▶ **Exercise objective**: Search the data for the word "Target" and copy every line that contains it.

**** Provided material ****

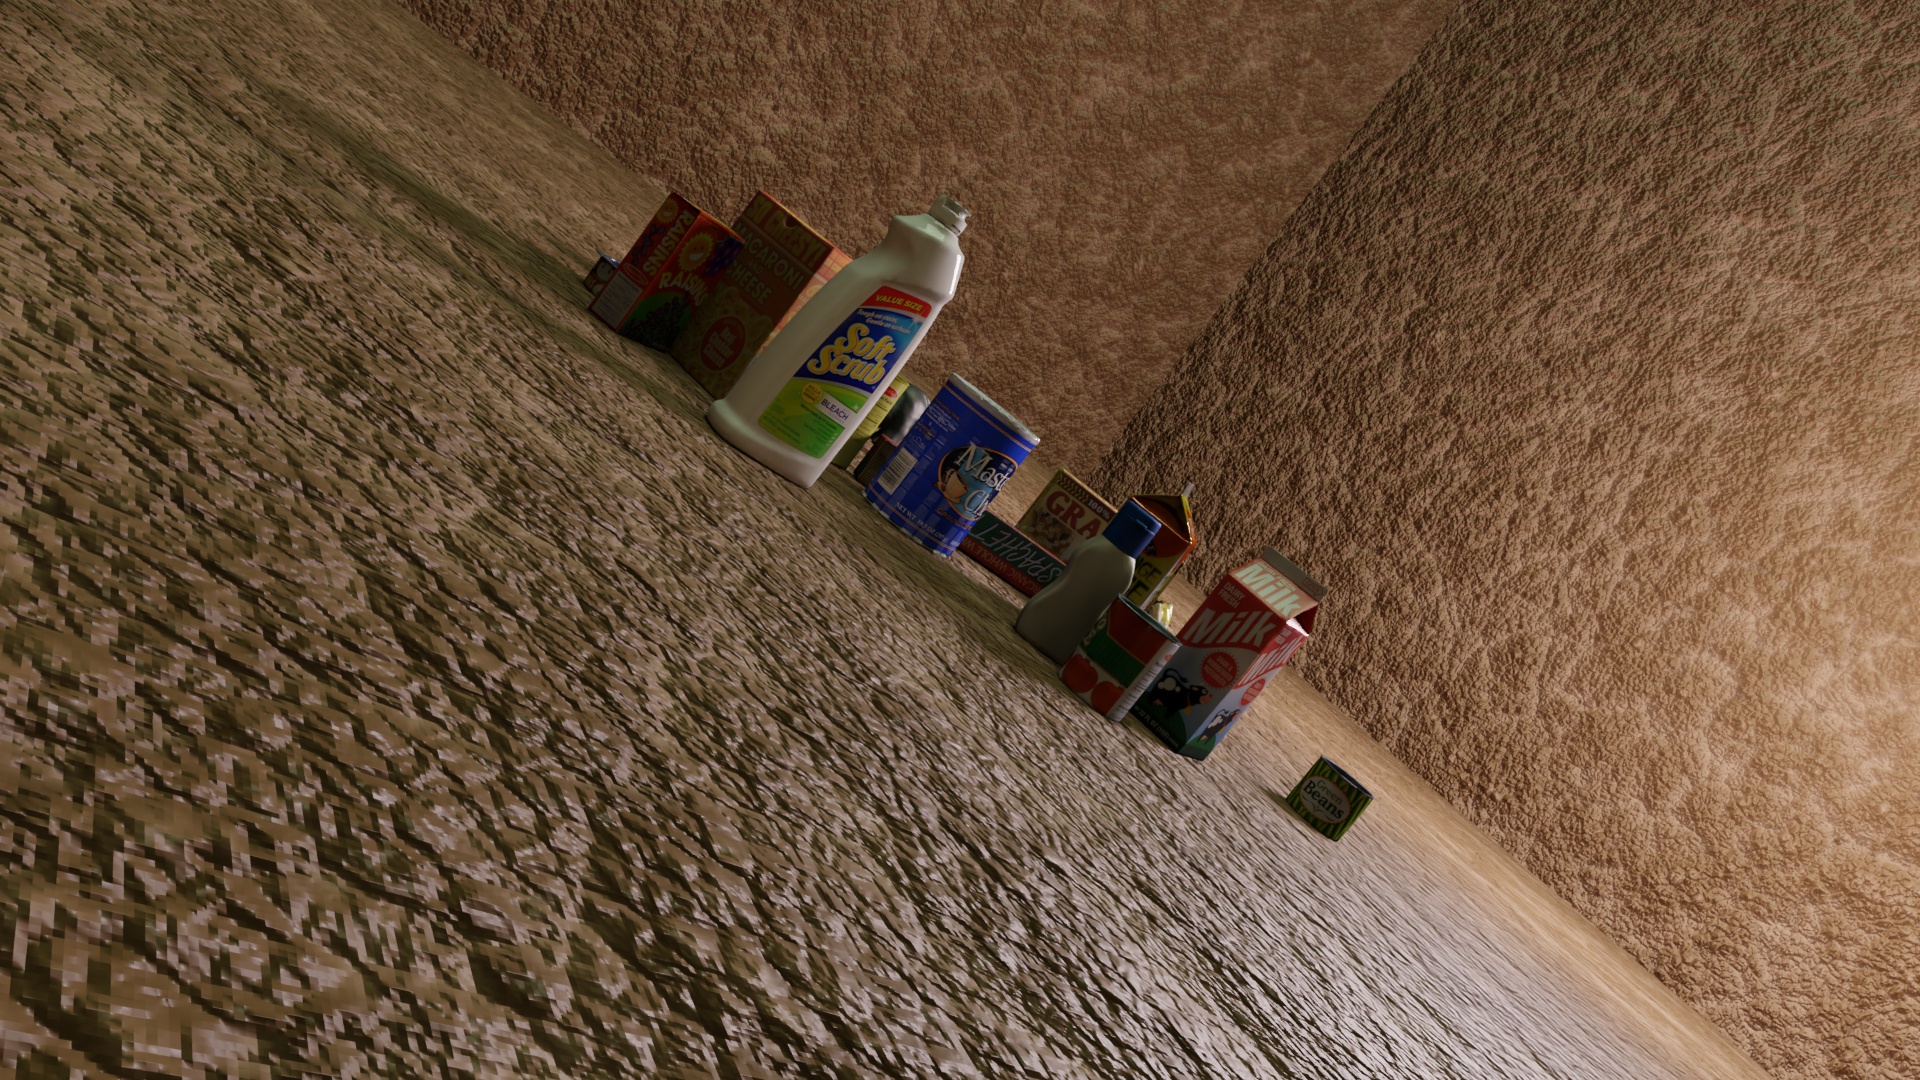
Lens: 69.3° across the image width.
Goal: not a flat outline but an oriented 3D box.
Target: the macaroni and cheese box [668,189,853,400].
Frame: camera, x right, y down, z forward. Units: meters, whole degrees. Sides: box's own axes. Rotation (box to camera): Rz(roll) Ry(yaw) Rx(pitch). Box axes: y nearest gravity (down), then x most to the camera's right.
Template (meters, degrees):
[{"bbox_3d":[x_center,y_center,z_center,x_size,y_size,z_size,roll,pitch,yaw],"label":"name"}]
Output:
[{"bbox_3d":[-0.184,-0.212,1.227,0.124,0.166,0.040,42,8,35],"label":"macaroni and cheese box"}]

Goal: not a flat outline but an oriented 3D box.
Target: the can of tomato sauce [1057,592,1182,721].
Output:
[{"bbox_3d":[0.128,0.095,1.139,0.071,0.083,0.071,37,7,-5],"label":"can of tomato sauce"}]

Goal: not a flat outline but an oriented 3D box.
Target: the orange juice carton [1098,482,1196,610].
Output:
[{"bbox_3d":[0.155,0.023,1.286,0.073,0.192,0.072,39,7,11],"label":"orange juice carton"}]

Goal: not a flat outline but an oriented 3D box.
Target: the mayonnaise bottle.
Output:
[{"bbox_3d":[0.113,0.034,1.190,0.065,0.148,0.041,37,6,-5],"label":"mayonnaise bottle"}]

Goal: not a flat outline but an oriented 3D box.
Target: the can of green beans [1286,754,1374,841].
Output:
[{"bbox_3d":[0.368,0.257,1.385,0.071,0.057,0.071,37,7,-5],"label":"can of green beans"}]

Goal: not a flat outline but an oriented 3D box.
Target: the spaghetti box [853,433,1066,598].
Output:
[{"bbox_3d":[0.005,-0.017,1.387,0.250,0.050,0.029,34,7,-24],"label":"spaghetti box"}]

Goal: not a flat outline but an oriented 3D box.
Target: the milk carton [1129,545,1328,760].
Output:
[{"bbox_3d":[0.238,0.098,1.226,0.072,0.190,0.073,42,8,31],"label":"milk carton"}]

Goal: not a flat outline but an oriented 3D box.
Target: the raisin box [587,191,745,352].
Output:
[{"bbox_3d":[-0.248,-0.227,1.184,0.040,0.123,0.086,40,7,18],"label":"raisin box"}]

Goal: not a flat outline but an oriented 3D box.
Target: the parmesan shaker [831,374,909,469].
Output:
[{"bbox_3d":[-0.108,-0.130,1.336,0.071,0.103,0.071,37,7,-5],"label":"parmesan shaker"}]

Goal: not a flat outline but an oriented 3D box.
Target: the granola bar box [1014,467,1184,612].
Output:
[{"bbox_3d":[0.136,0.021,1.482,0.165,0.124,0.039,37,6,-4],"label":"granola bar box"}]

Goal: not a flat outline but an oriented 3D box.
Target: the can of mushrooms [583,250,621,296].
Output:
[{"bbox_3d":[-0.311,-0.232,1.272,0.071,0.033,0.071,37,7,-5],"label":"can of mushrooms"}]

****

▶ **Output of the exercise**:
Target: the macaroni and cheese box [668,189,853,400].
Target: the can of tomato sauce [1057,592,1182,721].
Target: the orange juice carton [1098,482,1196,610].
Target: the mayonnaise bottle.
Target: the can of green beans [1286,754,1374,841].
Target: the spaghetti box [853,433,1066,598].
Target: the milk carton [1129,545,1328,760].
Target: the raisin box [587,191,745,352].
Target: the parmesan shaker [831,374,909,469].
Target: the granola bar box [1014,467,1184,612].
Target: the can of mushrooms [583,250,621,296].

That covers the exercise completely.